15. Learned counsel for the respondent No. 1 has also drawn our attention to the judgment dated 03.07.2009 passed by High Court of Delhi in WP(C) No.4757/2007 titled as Union of India v. V.K. Sareen wherein the petitioner had proposed to commence disciplinary action against the respondents for imposition of major penalty with regard to his functioning between 12.06.1990 to 12.04.1993. An Enquiry Officer was appointed on the 22.04.2003 and the report of the inquiry was submitted on the 01.07.2005. The charge sheet and the proceedings were quashed by the Central Administrative Tribunal by an order passed on 20.03.2007 which was questioned by way of writ petition filed before this court. In the judgment dated 03.07.2009, this court had culled out the principles as follows:
"13. It is trite law that disciplinary proceedings should be conducted soon after the alleged misconduct or negligence on the part of the employee is discovered. Inordinate delay cannot be said to be fair to be Delinquent Officer and since it would also make the task of proving the charges difficult. It would also not be in interest of administration. If the delay is too long and remains unexplained, the court may interfere and quash the charges. However, how much delay is too long would depend upon the facts of each and every case and if such delay has prejudiced or is likely to prejudice the delinquent in defending the enquiry ought to be interdicted."
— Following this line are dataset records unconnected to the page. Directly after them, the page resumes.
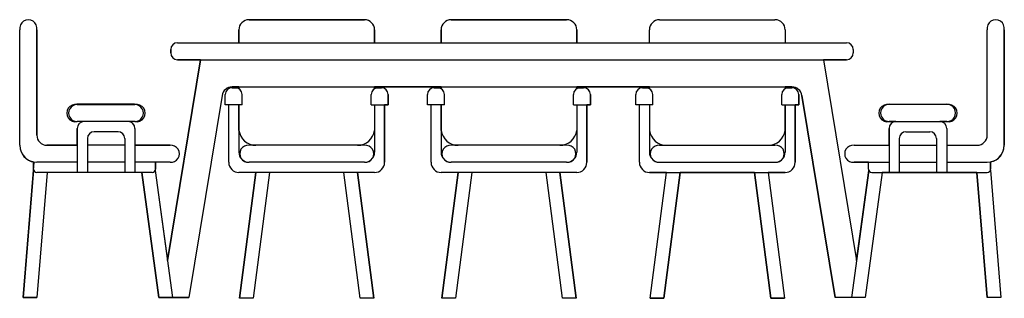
# Model space of a CAD drawing. Extents: x 4.58 to 7.48, y 0.45 to 1.27.
import ezdxf

# ---------------------------------------------------------------- set-up
doc = ezdxf.new("R2010")
doc.units = 0
doc.header["$MEASUREMENT"] = 0
doc.layers.get('0').update_dxf_attribs({"linetype": 'CONTINUOUS'})

msp = doc.modelspace()

# ---------------------------------------------------------------- linework, layer by layer
for p, q in [((5.5946, 1.2683), (5.2546, 1.2683)), ((5.2546, 1.2683), (5.5946, 1.2683)), ((6.1906, 1.2683), (5.8506, 1.2683)), ((5.8506, 1.2683), (6.1906, 1.2683)), ((6.4646, 1.2683), (6.8046, 1.2683)), ((6.4646, 1.2683), (6.8046, 1.2683)), ((4.5791, 0.8983), (4.5791, 1.2383)), ((4.5791, 0.8983), (4.5791, 1.2383)), ((4.6291, 0.9283), (4.6291, 1.2383)), ((4.6291, 1.2383), (4.6291, 0.9283)), ((5.2246, 1.2383), (5.2246, 1.2003)), ((5.2246, 1.2003), (5.2246, 1.2383)), ((5.6246, 1.2003), (5.6246, 1.2383)), ((5.6246, 1.2383), (5.6246, 1.2003)), ((5.8206, 1.2383), (5.8206, 1.2003)), ((5.8206, 1.2003), (5.8206, 1.2383)), ((6.2206, 1.2003), (6.2206, 1.2383)), ((6.2206, 1.2383), (6.2206, 1.2003)), ((6.4346, 1.2003), (6.4346, 1.2383)), ((6.4346, 1.2003), (6.4346, 1.2383)), ((6.8346, 1.2383), (6.8346, 1.2003)), ((6.8346, 1.2383), (6.8346, 1.2003)), ((7.4301, 0.9283), (7.4301, 1.2383)), ((7.4301, 0.9283), (7.4301, 1.2383)), ((7.4801, 0.8983), (7.4801, 1.2383)), ((7.4801, 1.2383), (7.4801, 0.8983)), ((5.0437, 1.2003), (7.0154, 1.2003)), ((5.0437, 1.2003), (5.2246, 1.2003)), ((5.6246, 1.2003), (5.8206, 1.2003)), ((6.2206, 1.2003), (6.4346, 1.2003)), ((6.8346, 1.2003), (7.0154, 1.2003)), ((5.0237, 1.1803), (5.0237, 1.1703)), ((5.0237, 1.1703), (5.0237, 1.1803)), ((7.0354, 1.1803), (7.0354, 1.1703)), ((7.0354, 1.1803), (7.0354, 1.1703)), ((5.1113, 1.1503), (5.0142, 0.559)), ((5.0142, 0.559), (5.1113, 1.1503)), ((5.0437, 1.1503), (7.0154, 1.1503)), ((5.1113, 1.1503), (5.0437, 1.1503)), ((6.9478, 1.1503), (7.0449, 0.559)), ((7.0154, 1.1503), (6.9478, 1.1503)), ((6.9478, 1.1503), (7.0449, 0.559)), ((5.1751, 1.0451), (5.0774, 0.4503)), ((5.1751, 1.0451), (5.0774, 0.4503)), ((5.1844, 1.0178), (5.1844, 1.0478)), ((5.1844, 1.0178), (5.1844, 1.0478)), ((5.2144, 1.0678), (5.2044, 1.0678)), ((5.2044, 1.0678), (5.2246, 1.0678)), ((5.2047, 1.0703), (6.8544, 1.0703)), ((5.2246, 1.0703), (5.2047, 1.0703)), ((5.2246, 1.0703), (5.2246, 1.065)), ((5.2246, 1.0678), (5.2246, 1.0703)), ((5.2344, 1.0178), (5.2344, 1.0478)), ((5.6147, 1.0178), (5.6147, 1.0478)), ((5.6246, 1.065), (5.6246, 1.0703)), ((5.8206, 1.0703), (5.6246, 1.0703)), ((5.6246, 1.0703), (5.6246, 1.0678)), ((5.6246, 1.0678), (5.6447, 1.0678)), ((5.6347, 1.0678), (5.6447, 1.0678)), ((5.6647, 1.0178), (5.6647, 1.0478)), ((5.6647, 1.0478), (5.6647, 1.0178)), ((5.7804, 1.0178), (5.7804, 1.0478)), ((5.7804, 1.0178), (5.7804, 1.0478)), ((5.8104, 1.0678), (5.8004, 1.0678)), ((5.8004, 1.0678), (5.8206, 1.0678)), ((5.8206, 1.0703), (5.8206, 1.065)), ((5.8206, 1.0678), (5.8206, 1.0703)), ((5.8304, 1.0178), (5.8304, 1.0478)), ((6.2107, 1.0178), (6.2107, 1.0478)), ((6.2206, 1.065), (6.2206, 1.0703)), ((6.4346, 1.0703), (6.2206, 1.0703)), ((6.2206, 1.0703), (6.2206, 1.0678)), ((6.2206, 1.0678), (6.2407, 1.0678)), ((6.2307, 1.0678), (6.2407, 1.0678)), ((6.2607, 1.0178), (6.2607, 1.0478)), ((6.2607, 1.0478), (6.2607, 1.0178)), ((6.3944, 1.0178), (6.3944, 1.0478)), ((6.3944, 1.0178), (6.3944, 1.0478)), ((6.4244, 1.0678), (6.4144, 1.0678)), ((6.4144, 1.0678), (6.4346, 1.0678)), ((6.4346, 1.065), (6.4346, 1.0703)), ((6.4346, 1.0678), (6.4346, 1.0703)), ((6.4444, 1.0178), (6.4444, 1.0478)), ((6.8247, 1.0178), (6.8247, 1.0478)), ((6.8346, 1.0703), (6.8346, 1.065)), ((6.8544, 1.0703), (6.8346, 1.0703)), ((6.8346, 1.0703), (6.8346, 1.0678)), ((6.8346, 1.0678), (6.8547, 1.0678)), ((6.8447, 1.0678), (6.8547, 1.0678)), ((6.8747, 1.0178), (6.8747, 1.0478)), ((6.8747, 1.0478), (6.8747, 1.0178)), ((6.884, 1.0451), (6.9817, 0.4503)), ((6.9817, 0.4503), (6.884, 1.0451)), ((4.9175, 1.0191), (4.7475, 1.0191)), ((4.7481, 1.0183), (4.9182, 1.0183)), ((5.2344, 1.0178), (5.1844, 1.0178)), ((5.1949, 1.0178), (5.1844, 1.0178)), ((5.1949, 0.8483), (5.1949, 1.0178)), ((5.1949, 0.8483), (5.1949, 1.0178)), ((5.2246, 1.0178), (5.2246, 0.8783)), ((5.2249, 0.9421), (5.2249, 1.0178)), ((5.6147, 1.0178), (5.6647, 1.0178)), ((5.6246, 1.0178), (5.6246, 0.8783)), ((5.6542, 0.8483), (5.6542, 1.0178)), ((5.6647, 1.0178), (5.6542, 1.0178)), ((5.6542, 1.0178), (5.6542, 0.8483)), ((5.8304, 1.0178), (5.7804, 1.0178)), ((5.791, 1.0178), (5.7804, 1.0178)), ((5.791, 0.8483), (5.791, 1.0178)), ((5.791, 0.8483), (5.791, 1.0178)), ((5.8206, 1.0178), (5.8206, 0.8783)), ((5.821, 0.9421), (5.821, 1.0178)), ((6.2107, 1.0178), (6.2607, 1.0178)), ((6.2206, 1.0178), (6.2206, 0.8783)), ((6.2502, 0.8483), (6.2502, 1.0178)), ((6.2607, 1.0178), (6.2502, 1.0178)), ((6.2502, 1.0178), (6.2502, 0.8483)), ((6.4444, 1.0178), (6.3944, 1.0178)), ((6.4049, 1.0178), (6.3944, 1.0178)), ((6.4049, 0.8483), (6.4049, 1.0178)), ((6.4049, 0.8483), (6.4049, 1.0178)), ((6.4346, 1.0178), (6.4346, 0.8783)), ((6.8247, 1.0178), (6.8747, 1.0178)), ((6.8342, 0.9421), (6.8342, 1.0178)), ((6.8346, 1.0178), (6.8346, 0.8783)), ((6.8642, 0.8483), (6.8642, 1.0178)), ((6.8747, 1.0178), (6.8642, 1.0178)), ((6.8642, 1.0178), (6.8642, 0.8483)), ((7.1416, 1.0191), (7.3116, 1.0191)), ((7.1416, 1.0191), (7.3114, 1.0191)), ((4.9186, 0.9683), (4.7478, 0.9683)), ((4.7684, 0.9683), (4.7481, 0.9683)), ((4.9182, 0.9683), (4.8984, 0.9683)), ((7.1406, 0.9683), (7.3114, 0.9683)), ((7.1607, 0.9683), (7.1416, 0.9683)), ((7.3114, 0.9683), (7.2907, 0.9683)), ((4.7484, 0.9483), (4.7484, 0.8183)), ((4.7484, 0.8983), (4.7484, 0.9483)), ((4.8684, 0.9383), (4.7984, 0.9383)), ((4.9184, 0.9483), (4.9184, 0.8183)), ((4.9184, 0.9483), (4.9184, 0.8983)), ((7.1407, 0.9483), (7.1407, 0.8183)), ((7.1407, 0.8983), (7.1407, 0.9483)), ((7.1907, 0.9383), (7.2607, 0.9383)), ((7.3107, 0.9483), (7.3107, 0.8183)), ((7.3107, 0.9483), (7.3107, 0.8983)), ((4.7784, 0.9183), (4.7784, 0.8183)), ((4.8884, 0.9183), (4.8884, 0.8183)), ((7.1707, 0.9183), (7.1707, 0.8183)), ((7.2807, 0.9183), (7.2807, 0.8183)), ((4.7484, 0.8983), (4.6591, 0.8983)), ((4.6591, 0.8983), (4.7484, 0.8983)), ((4.8884, 0.8983), (4.7784, 0.8983)), ((5.0217, 0.8983), (4.9184, 0.8983)), ((4.9184, 0.8983), (5.0217, 0.8983)), ((5.5946, 0.8983), (5.2546, 0.8983)), ((6.1906, 0.8983), (5.8506, 0.8983)), ((6.4646, 0.8983), (6.8046, 0.8983)), ((7.0375, 0.8983), (7.1407, 0.8983)), ((7.0375, 0.8983), (7.1407, 0.8983)), ((7.1707, 0.8983), (7.2807, 0.8983)), ((7.3107, 0.8983), (7.4001, 0.8983)), ((7.3107, 0.8983), (7.4001, 0.8983)), ((4.5891, 0.4503), (4.6216, 0.8488)), ((4.6191, 0.8283), (4.6191, 0.8479)), ((4.7484, 0.8483), (4.6291, 0.8483)), ((4.8884, 0.8483), (4.7784, 0.8483)), ((5.0217, 0.8483), (4.9184, 0.8483)), ((4.979, 0.8283), (4.979, 0.8483)), ((5.0217, 0.8483), (4.979, 0.8483)), ((4.979, 0.8483), (4.979, 0.8283)), ((5.5946, 0.8483), (5.2546, 0.8483)), ((6.1906, 0.8483), (5.8506, 0.8483)), ((6.4646, 0.8483), (6.8046, 0.8483)), ((7.0375, 0.8483), (7.1407, 0.8483)), ((7.0801, 0.8483), (7.0375, 0.8483)), ((7.0801, 0.8283), (7.0801, 0.8483)), ((7.0801, 0.8283), (7.0801, 0.8483)), ((7.1707, 0.8483), (7.2807, 0.8483)), ((7.3107, 0.8483), (7.4301, 0.8483)), ((7.4401, 0.8493), (7.4401, 0.8283)), ((7.4401, 0.8283), (7.4401, 0.8479)), ((4.6196, 0.825), (4.5891, 0.4503)), ((4.969, 0.8183), (4.6291, 0.8183)), ((4.6592, 0.8183), (4.6292, 0.4503)), ((4.6592, 0.8183), (4.6292, 0.4503)), ((4.9386, 0.8183), (4.6592, 0.8183)), ((4.9386, 0.8183), (4.9886, 0.4503)), ((4.9886, 0.4503), (4.9386, 0.8183)), ((4.9782, 0.8243), (5.029, 0.4503)), ((4.9782, 0.8243), (5.0142, 0.559)), ((5.6242, 0.8183), (5.2249, 0.8183)), ((5.2746, 0.8183), (5.2249, 0.8183)), ((5.2746, 0.8183), (5.2266, 0.4477)), ((5.2266, 0.4483), (5.2746, 0.8183)), ((5.3149, 0.8183), (5.267, 0.4483)), ((5.3149, 0.8183), (5.267, 0.4483)), ((5.5342, 0.8183), (5.3149, 0.8183)), ((5.5822, 0.4483), (5.5342, 0.8183)), ((5.5822, 0.4483), (5.5342, 0.8183)), ((5.6226, 0.4477), (5.5746, 0.8183)), ((5.6242, 0.8183), (5.5746, 0.8183)), ((5.5746, 0.8183), (5.6225, 0.4483)), ((6.2202, 0.8183), (5.821, 0.8183)), ((5.8706, 0.8183), (5.821, 0.8183)), ((5.8706, 0.8183), (5.8226, 0.4477)), ((5.8226, 0.4483), (5.8706, 0.8183)), ((5.9109, 0.8183), (5.863, 0.4483)), ((5.9109, 0.8183), (5.863, 0.4483)), ((6.1303, 0.8183), (5.9109, 0.8183)), ((6.1782, 0.4483), (6.1303, 0.8183)), ((6.1782, 0.4483), (6.1303, 0.8183)), ((6.2186, 0.4477), (6.1706, 0.8183)), ((6.2202, 0.8183), (6.1706, 0.8183)), ((6.1706, 0.8183), (6.2185, 0.4483)), ((6.4349, 0.8183), (6.8342, 0.8183)), ((6.4846, 0.8183), (6.4349, 0.8183)), ((6.4365, 0.4477), (6.4846, 0.8183)), ((6.4366, 0.4483), (6.4846, 0.8183)), ((6.4769, 0.4483), (6.5249, 0.8183)), ((6.5249, 0.8183), (6.4769, 0.4483)), ((6.7442, 0.8183), (6.5249, 0.8183)), ((6.7442, 0.8183), (6.7922, 0.4483)), ((6.7922, 0.4483), (6.7442, 0.8183)), ((6.7846, 0.8183), (6.8326, 0.4477)), ((6.8342, 0.8183), (6.7846, 0.8183)), ((6.7846, 0.8183), (6.8325, 0.4483)), ((7.081, 0.8243), (7.0301, 0.4503)), ((7.0449, 0.559), (7.081, 0.8243)), ((7.1205, 0.8183), (7.0705, 0.4503)), ((7.1205, 0.8183), (7.0705, 0.4503)), ((7.0901, 0.8183), (7.4301, 0.8183)), ((7.3999, 0.8183), (7.1205, 0.8183)), ((7.3999, 0.8183), (7.4299, 0.4503)), ((7.4299, 0.4503), (7.3999, 0.8183)), ((7.4395, 0.825), (7.4701, 0.4503)), ((7.4395, 0.825), (7.4701, 0.4503)), ((4.5891, 0.4503), (4.6292, 0.4503)), ((4.6292, 0.4503), (4.5891, 0.4503)), ((4.9886, 0.4503), (5.0774, 0.4503)), ((5.0774, 0.4503), (4.9886, 0.4503)), ((4.9886, 0.4503), (5.029, 0.4503)), ((4.9987, 0.4503), (5.029, 0.4503)), ((5.267, 0.4483), (5.2266, 0.4483)), ((5.267, 0.4483), (5.2266, 0.4483)), ((5.6226, 0.4483), (5.5822, 0.4483)), ((5.6225, 0.4483), (5.5822, 0.4483)), ((5.863, 0.4483), (5.8226, 0.4483)), ((5.863, 0.4483), (5.8226, 0.4483)), ((6.2186, 0.4483), (6.1782, 0.4483)), ((6.2185, 0.4483), (6.1782, 0.4483)), ((6.4365, 0.4483), (6.4769, 0.4483)), ((6.4769, 0.4483), (6.4366, 0.4483)), ((6.7922, 0.4483), (6.8326, 0.4483)), ((6.8325, 0.4483), (6.7922, 0.4483)), ((7.0705, 0.4503), (6.9817, 0.4503)), ((7.0705, 0.4503), (6.9817, 0.4503)), ((7.0604, 0.4503), (7.0301, 0.4503)), ((7.4701, 0.4503), (7.4299, 0.4503)), ((7.4701, 0.4503), (7.4299, 0.4503))]:
    msp.add_line(p, q)
for centre, radius, start, end in [((4.6041, 1.2428), 0.0254, 349.6111, 190.3889), ((4.6041, 1.2428), 0.0254, 349.6111, 190.3889), ((5.2546, 1.2383), 0.03, 90, 180), ((5.2546, 1.2383), 0.03, 90, 180), ((5.5946, 1.2383), 0.03, 0, 90), ((5.5946, 1.2383), 0.03, 360, 90), ((5.8506, 1.2383), 0.03, 90, 180), ((5.8506, 1.2383), 0.03, 90, 180), ((6.1906, 1.2383), 0.03, 0, 90), ((6.1906, 1.2383), 0.03, 0, 90), ((6.4646, 1.2383), 0.03, 90, 180), ((6.4646, 1.2383), 0.03, 90, 180), ((6.8046, 1.2383), 0.03, 0, 90), ((6.8046, 1.2383), 0.03, 0, 90), ((7.4551, 1.2428), 0.0254, 349.6111, 190.3889), ((7.4551, 1.2428), 0.0254, 349.6111, 190.3889), ((5.0437, 1.1803), 0.02, 90, 180), ((5.0437, 1.1803), 0.02, 90, 180), ((7.0154, 1.1803), 0.02, 0, 90), ((7.0154, 1.1803), 0.02, 360, 90), ((5.0437, 1.1703), 0.02, 180, 270), ((5.0437, 1.1703), 0.02, 180, 270), ((7.0154, 1.1703), 0.02, 270, 0), ((7.0154, 1.1703), 0.02, 270, 0), ((5.2047, 1.0403), 0.03, 90, 170.6764), ((5.2047, 1.0403), 0.03, 90, 170.6764), ((5.2044, 1.0478), 0.02, 90, 180), ((5.2044, 1.0478), 0.02, 90, 180), ((5.2144, 1.0478), 0.02, 0, 90), ((5.6347, 1.0478), 0.02, 90, 180), ((5.6447, 1.0478), 0.02, 0, 90), ((5.6447, 1.0478), 0.02, 360, 90), ((5.8004, 1.0478), 0.02, 90, 180), ((5.8004, 1.0478), 0.02, 90, 180), ((5.8104, 1.0478), 0.02, 0, 90), ((6.2307, 1.0478), 0.02, 90, 180), ((6.2407, 1.0478), 0.02, 0, 90), ((6.2407, 1.0478), 0.02, 0, 90), ((6.4144, 1.0478), 0.02, 90, 180), ((6.4144, 1.0478), 0.02, 90, 180), ((6.4244, 1.0478), 0.02, 0, 90), ((6.8447, 1.0478), 0.02, 90, 180), ((6.8544, 1.0403), 0.03, 9.3236, 90), ((6.8544, 1.0403), 0.03, 9.3236, 90), ((6.8547, 1.0478), 0.02, 0, 90), ((6.8547, 1.0478), 0.02, 0, 90), ((4.7429, 0.9933), 0.0255, 78.6464, 281.7498), ((4.748, 0.9933), 0.025, 89.8019, 270.1981), ((4.9234, 0.9933), 0.0255, 258.2502, 101.3536), ((4.9183, 0.9933), 0.025, 269.8019, 90.1981), ((7.1357, 0.9933), 0.0255, 78.6464, 281.7498), ((7.1411, 0.9937), 0.0254, 88.8486, 271.1514), ((7.3162, 0.9933), 0.0255, 258.2502, 101.3536), ((7.3115, 0.9937), 0.0254, 269.7326, 90.2674), ((4.7684, 0.9483), 0.02, 90, 180), ((4.7684, 0.9483), 0.02, 90, 180), ((4.8984, 0.9483), 0.02, 0, 90), ((4.8984, 0.9483), 0.02, 360, 90), ((7.1607, 0.9483), 0.02, 90, 180), ((7.1607, 0.9483), 0.02, 90, 180), ((7.2907, 0.9483), 0.02, 0, 90), ((7.2907, 0.9483), 0.02, 0, 90), ((4.7984, 0.9183), 0.02, 90, 180), ((4.8684, 0.9183), 0.02, 0, 90), ((5.2746, 0.9483), 0.05, 187.0382, 270), ((5.5746, 0.9483), 0.05, 270, 352.9618), ((5.8706, 0.9483), 0.05, 187.0382, 270), ((6.1706, 0.9483), 0.05, 270, 352.9618), ((6.4846, 0.9483), 0.05, 187.0382, 270), ((6.7846, 0.9483), 0.05, 270, 352.9618), ((7.1907, 0.9183), 0.02, 90, 180), ((7.2607, 0.9183), 0.02, 0, 90), ((4.6591, 0.9283), 0.03, 180, 270), ((4.6591, 0.9283), 0.03, 180, 270), ((7.4001, 0.9283), 0.03, 270, 0), ((7.4001, 0.9283), 0.03, 270, 0), ((4.6291, 0.8983), 0.05, 180, 270), ((4.6291, 0.8983), 0.05, 180, 261.3637), ((5.0241, 0.8733), 0.0251, 264.5371, 95.4629), ((5.0241, 0.8733), 0.0251, 264.5371, 95.4629), ((5.2546, 0.8783), 0.03, 180, 270), ((5.2522, 0.8733), 0.0251, 84.5371, 275.4629), ((5.597, 0.8733), 0.0251, 264.5371, 95.4629), ((5.5946, 0.8783), 0.03, 270, 0), ((5.8506, 0.8783), 0.03, 180, 270), ((5.8482, 0.8733), 0.0251, 84.5371, 275.4629), ((6.193, 0.8733), 0.0251, 264.5371, 95.4629), ((6.1906, 0.8783), 0.03, 270, 0), ((6.4646, 0.8783), 0.03, 180, 270), ((6.4622, 0.8733), 0.0251, 84.5371, 275.4629), ((6.807, 0.8733), 0.0251, 264.5371, 95.4629), ((6.8046, 0.8783), 0.03, 270, 0), ((7.0351, 0.8733), 0.0251, 84.5371, 275.4629), ((7.0351, 0.8733), 0.0251, 84.5371, 275.4629), ((7.4301, 0.8983), 0.05, 270, 0), ((7.4301, 0.8983), 0.05, 281.537, 360), ((5.2249, 0.8483), 0.03, 180, 270), ((5.2249, 0.8483), 0.03, 180, 270), ((5.6242, 0.8483), 0.03, 270, 0), ((5.6242, 0.8483), 0.03, 270, 0), ((5.821, 0.8483), 0.03, 180, 270), ((5.821, 0.8483), 0.03, 180, 270), ((6.2202, 0.8483), 0.03, 270, 0), ((6.2202, 0.8483), 0.03, 270, 0), ((6.4349, 0.8483), 0.03, 180, 270), ((6.4349, 0.8483), 0.03, 180, 270), ((6.8342, 0.8483), 0.03, 270, 0), ((6.8342, 0.8483), 0.03, 270, 0), ((4.6291, 0.8283), 0.01, 180, 270), ((4.969, 0.8283), 0.01, 270, 0), ((4.969, 0.8283), 0.01, 336.6366, 0), ((7.0901, 0.8283), 0.01, 180, 270), ((7.0901, 0.8283), 0.01, 180, 203.3634), ((7.4301, 0.8283), 0.01, 270, 0), ((7.4301, 0.8283), 0.01, 340.9288, 0)]:
    msp.add_arc(centre, radius, start, end)

doc.saveas('drawing.dxf')

16. After perusing the above case laws, we are of the considered view that it is trite that delay which is unexplained and unreasonable would cause prejudice to the delinquent employee. Such delay clearly manifests the lack of seriousness on the part of the disciplinary authority in pursuing the charges against the employee. In the event of any employee deviating from path of honesty, efficiency and diligence, action should be taken expeditiously as per the prescribed procedure. The Hon'ble Supreme Court has laid down the principles holding that unexplained and unreasonable delay per se results in prejudice to the charged officer except when the employer can show that the employee was responsible for delay or is otherwise able to explain the delay. While evaluating the impact of delay, the court must consider the nature of the charge, its complexity and for what reason the delay has occurred.
17. In the instant case, even though the respondent was served with the Memorandum dated 30.10.2008 which proposed to hold an enquiry against him under Rule 14 of the CCS (CCA) Rules, 1965, the Disciplinary Authority failed to take any steps to initiate the enquiry proceedings and to conclude the same for a period of over 5 years. The conduct of the Disciplinary Authority shows that it was not at all interested in holding the enquiry, but it was interested only to keep the respondent under the cloud of disciplinary proceedings, thereby denying him his retirement dues.
18. In view of the facts and circumstances of the present case, we are of the considered view that the delay in initiation of the proceedings certainly has lent room for allegations of bias, mala fide and misuse
of powers against the respondent by the petitioners. Furthermore, we are of the view that the delay in initiating disciplinary proceedings would constitute denial of reasonable opportunity to defend the charges resulting in violation of principles of natural justice.
19. For the reasons stated hereinabove, we do not find any infirmity in the order of the Tribunal impugned before us and accordingly, the present writ petition being devoid of any merit, is dismissed. No order as to costs.